Back in mid-December, the newly launched MozCast Feature Graph showed a significant short-term drop in the number of tracked searches displaying authorship mark-up. Here’s a 30-day view of the data (from November 22, 2013 to December 21):

The graph shows the percentage of queries that displayed authorship mark-up (to any degree) on page 1 of Google (note: the Y-axis has been constrained to the range of the data). This data ranges from a peak of 23.71% on Nov. 24 to a low of 20.03% on Dec. 19, a relative drop of 15.5%.

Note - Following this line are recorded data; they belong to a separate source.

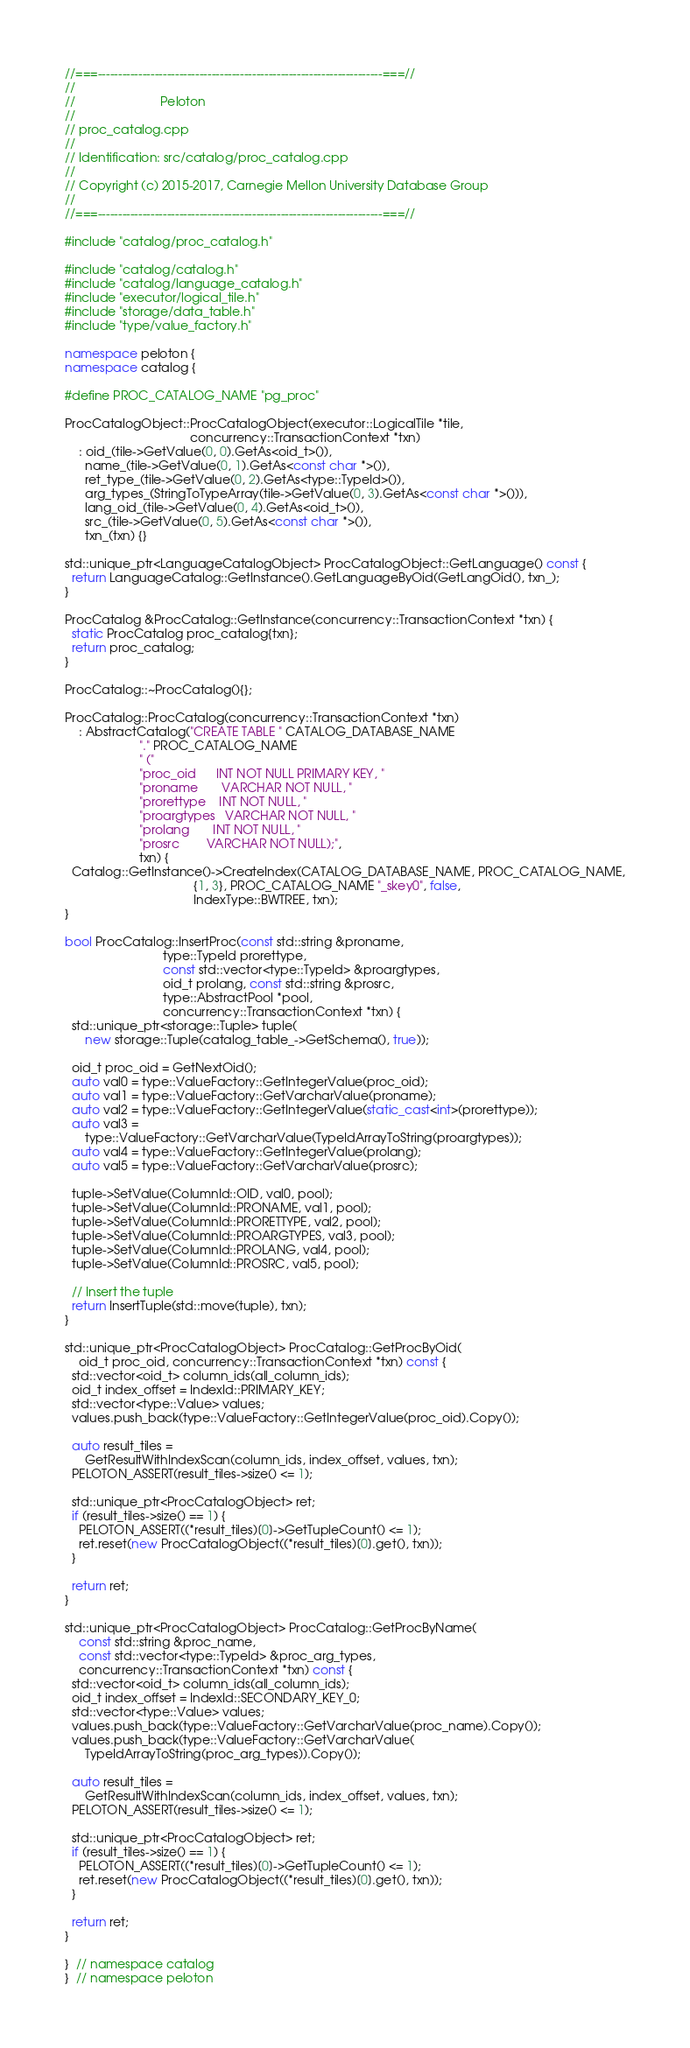<code> <loc_0><loc_0><loc_500><loc_500><_C++_>//===----------------------------------------------------------------------===//
//
//                         Peloton
//
// proc_catalog.cpp
//
// Identification: src/catalog/proc_catalog.cpp
//
// Copyright (c) 2015-2017, Carnegie Mellon University Database Group
//
//===----------------------------------------------------------------------===//

#include "catalog/proc_catalog.h"

#include "catalog/catalog.h"
#include "catalog/language_catalog.h"
#include "executor/logical_tile.h"
#include "storage/data_table.h"
#include "type/value_factory.h"

namespace peloton {
namespace catalog {

#define PROC_CATALOG_NAME "pg_proc"

ProcCatalogObject::ProcCatalogObject(executor::LogicalTile *tile,
                                     concurrency::TransactionContext *txn)
    : oid_(tile->GetValue(0, 0).GetAs<oid_t>()),
      name_(tile->GetValue(0, 1).GetAs<const char *>()),
      ret_type_(tile->GetValue(0, 2).GetAs<type::TypeId>()),
      arg_types_(StringToTypeArray(tile->GetValue(0, 3).GetAs<const char *>())),
      lang_oid_(tile->GetValue(0, 4).GetAs<oid_t>()),
      src_(tile->GetValue(0, 5).GetAs<const char *>()),
      txn_(txn) {}

std::unique_ptr<LanguageCatalogObject> ProcCatalogObject::GetLanguage() const {
  return LanguageCatalog::GetInstance().GetLanguageByOid(GetLangOid(), txn_);
}

ProcCatalog &ProcCatalog::GetInstance(concurrency::TransactionContext *txn) {
  static ProcCatalog proc_catalog{txn};
  return proc_catalog;
}

ProcCatalog::~ProcCatalog(){};

ProcCatalog::ProcCatalog(concurrency::TransactionContext *txn)
    : AbstractCatalog("CREATE TABLE " CATALOG_DATABASE_NAME
                      "." PROC_CATALOG_NAME
                      " ("
                      "proc_oid      INT NOT NULL PRIMARY KEY, "
                      "proname       VARCHAR NOT NULL, "
                      "prorettype    INT NOT NULL, "
                      "proargtypes   VARCHAR NOT NULL, "
                      "prolang       INT NOT NULL, "
                      "prosrc        VARCHAR NOT NULL);",
                      txn) {
  Catalog::GetInstance()->CreateIndex(CATALOG_DATABASE_NAME, PROC_CATALOG_NAME,
                                      {1, 3}, PROC_CATALOG_NAME "_skey0", false,
                                      IndexType::BWTREE, txn);
}

bool ProcCatalog::InsertProc(const std::string &proname,
                             type::TypeId prorettype,
                             const std::vector<type::TypeId> &proargtypes,
                             oid_t prolang, const std::string &prosrc,
                             type::AbstractPool *pool,
                             concurrency::TransactionContext *txn) {
  std::unique_ptr<storage::Tuple> tuple(
      new storage::Tuple(catalog_table_->GetSchema(), true));

  oid_t proc_oid = GetNextOid();
  auto val0 = type::ValueFactory::GetIntegerValue(proc_oid);
  auto val1 = type::ValueFactory::GetVarcharValue(proname);
  auto val2 = type::ValueFactory::GetIntegerValue(static_cast<int>(prorettype));
  auto val3 =
      type::ValueFactory::GetVarcharValue(TypeIdArrayToString(proargtypes));
  auto val4 = type::ValueFactory::GetIntegerValue(prolang);
  auto val5 = type::ValueFactory::GetVarcharValue(prosrc);

  tuple->SetValue(ColumnId::OID, val0, pool);
  tuple->SetValue(ColumnId::PRONAME, val1, pool);
  tuple->SetValue(ColumnId::PRORETTYPE, val2, pool);
  tuple->SetValue(ColumnId::PROARGTYPES, val3, pool);
  tuple->SetValue(ColumnId::PROLANG, val4, pool);
  tuple->SetValue(ColumnId::PROSRC, val5, pool);

  // Insert the tuple
  return InsertTuple(std::move(tuple), txn);
}

std::unique_ptr<ProcCatalogObject> ProcCatalog::GetProcByOid(
    oid_t proc_oid, concurrency::TransactionContext *txn) const {
  std::vector<oid_t> column_ids(all_column_ids);
  oid_t index_offset = IndexId::PRIMARY_KEY;
  std::vector<type::Value> values;
  values.push_back(type::ValueFactory::GetIntegerValue(proc_oid).Copy());

  auto result_tiles =
      GetResultWithIndexScan(column_ids, index_offset, values, txn);
  PELOTON_ASSERT(result_tiles->size() <= 1);

  std::unique_ptr<ProcCatalogObject> ret;
  if (result_tiles->size() == 1) {
    PELOTON_ASSERT((*result_tiles)[0]->GetTupleCount() <= 1);
    ret.reset(new ProcCatalogObject((*result_tiles)[0].get(), txn));
  }

  return ret;
}

std::unique_ptr<ProcCatalogObject> ProcCatalog::GetProcByName(
    const std::string &proc_name,
    const std::vector<type::TypeId> &proc_arg_types,
    concurrency::TransactionContext *txn) const {
  std::vector<oid_t> column_ids(all_column_ids);
  oid_t index_offset = IndexId::SECONDARY_KEY_0;
  std::vector<type::Value> values;
  values.push_back(type::ValueFactory::GetVarcharValue(proc_name).Copy());
  values.push_back(type::ValueFactory::GetVarcharValue(
      TypeIdArrayToString(proc_arg_types)).Copy());

  auto result_tiles =
      GetResultWithIndexScan(column_ids, index_offset, values, txn);
  PELOTON_ASSERT(result_tiles->size() <= 1);

  std::unique_ptr<ProcCatalogObject> ret;
  if (result_tiles->size() == 1) {
    PELOTON_ASSERT((*result_tiles)[0]->GetTupleCount() <= 1);
    ret.reset(new ProcCatalogObject((*result_tiles)[0].get(), txn));
  }

  return ret;
}

}  // namespace catalog
}  // namespace peloton
</code>

Was it foretold at Pubcon?

If you follow the search industry closely, that 15% may sound familiar. Back in October, Matt Cutts took the stage at Pubcon and suggested that a 10-15% reduction in authorship seemed to improve search quality. Many took this as a sign that Google had reduced the amount of authorship mark-up appearing in SERPs or would reduce it soon.

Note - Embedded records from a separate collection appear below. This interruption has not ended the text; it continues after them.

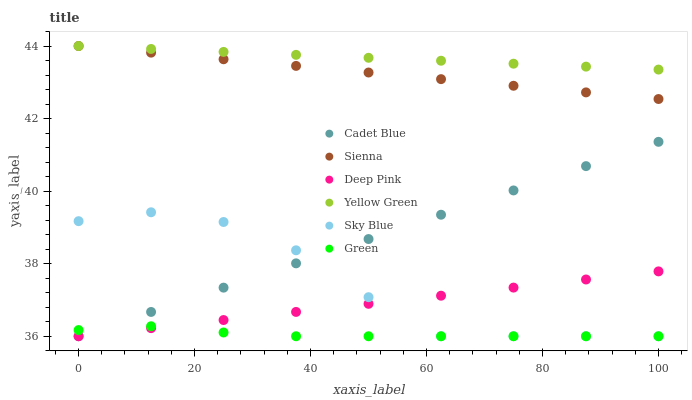Does Green have the minimum area under the curve?
Answer yes or no. Yes. Does Yellow Green have the maximum area under the curve?
Answer yes or no. Yes. Does Sienna have the minimum area under the curve?
Answer yes or no. No. Does Sienna have the maximum area under the curve?
Answer yes or no. No. Is Yellow Green the smoothest?
Answer yes or no. Yes. Is Sky Blue the roughest?
Answer yes or no. Yes. Is Sienna the smoothest?
Answer yes or no. No. Is Sienna the roughest?
Answer yes or no. No. Does Cadet Blue have the lowest value?
Answer yes or no. Yes. Does Sienna have the lowest value?
Answer yes or no. No. Does Sienna have the highest value?
Answer yes or no. Yes. Does Deep Pink have the highest value?
Answer yes or no. No. Is Deep Pink less than Sienna?
Answer yes or no. Yes. Is Sienna greater than Cadet Blue?
Answer yes or no. Yes. Does Green intersect Sky Blue?
Answer yes or no. Yes. Is Green less than Sky Blue?
Answer yes or no. No. Is Green greater than Sky Blue?
Answer yes or no. No. Does Deep Pink intersect Sienna?
Answer yes or no. No. 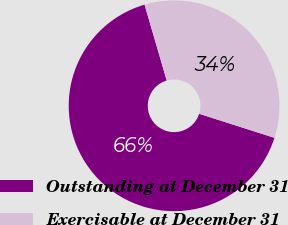Convert chart to OTSL. <chart><loc_0><loc_0><loc_500><loc_500><pie_chart><fcel>Outstanding at December 31<fcel>Exercisable at December 31<nl><fcel>65.56%<fcel>34.44%<nl></chart> 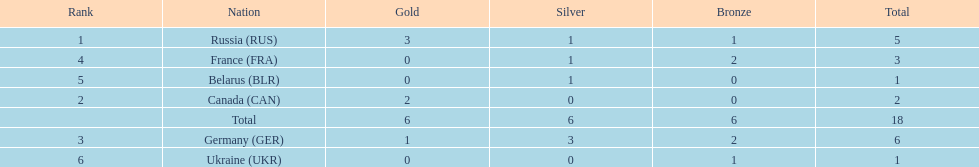Who had a larger total medal count, france or canada? France. 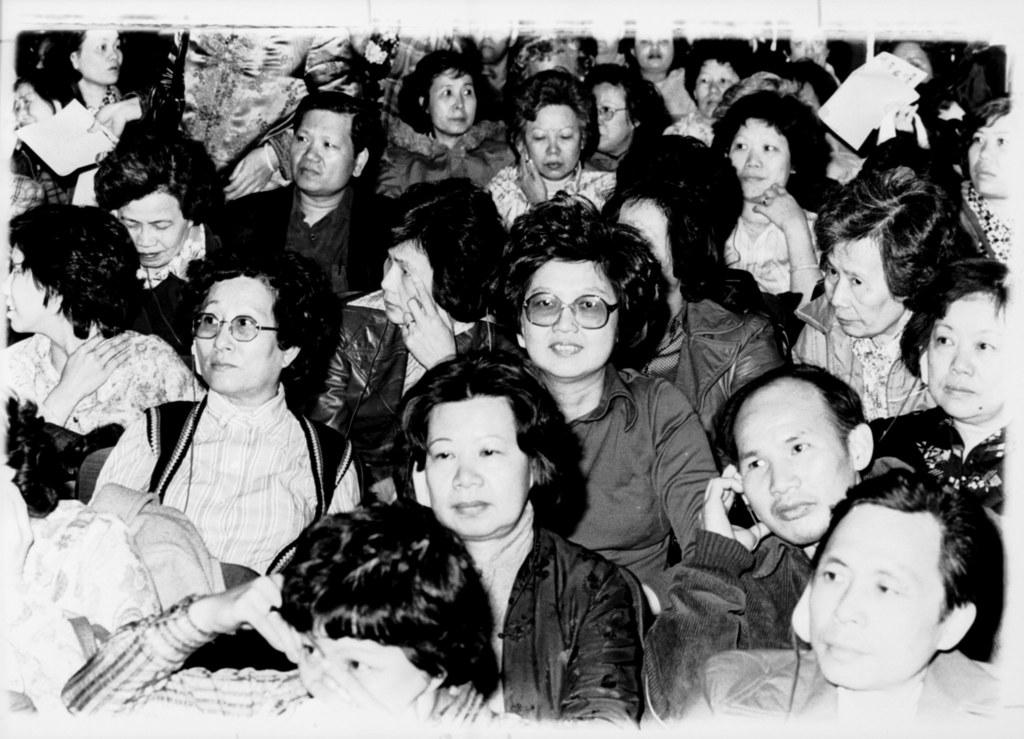What is the color scheme of the image? The image is black and white. What can be seen in the image? There is a group of people in the image. What are the people in the image doing? The people are sitting. Can you hear the bell ringing in the image? There is no bell present in the image, so it cannot be heard.

The graph above is a bit cherry-picked, in terms of the timeframe. So, let’s expand it to 60 days, including Matt’s announcement at Pubcon (which happened on Oct. 23):

Interestingly, authorship actually climbed a bit after Matt’s announcement, before eventually dropping. There was a 9.6% relative drop from Oct. 23 to Dec. 19. These numbers all line up pretty well with Matt’s predicted 10-15% range, and he confirmed around Dec. 19 that the authorship change had rolled out. Since Dec. 19, authorship presence in our data set has ranged from 19.8% to 20.3%. There has been no substantial recovery.

Did authorship counts drop?

When you think about a reduction in authorship, there are actually two very different possible interpretations. You could see what the graphs above show – that, overall, less searches displayed authorship mark-up. These graphs only indicate whether queries had authorship mark-up or didn’t, in all-or-none fashion.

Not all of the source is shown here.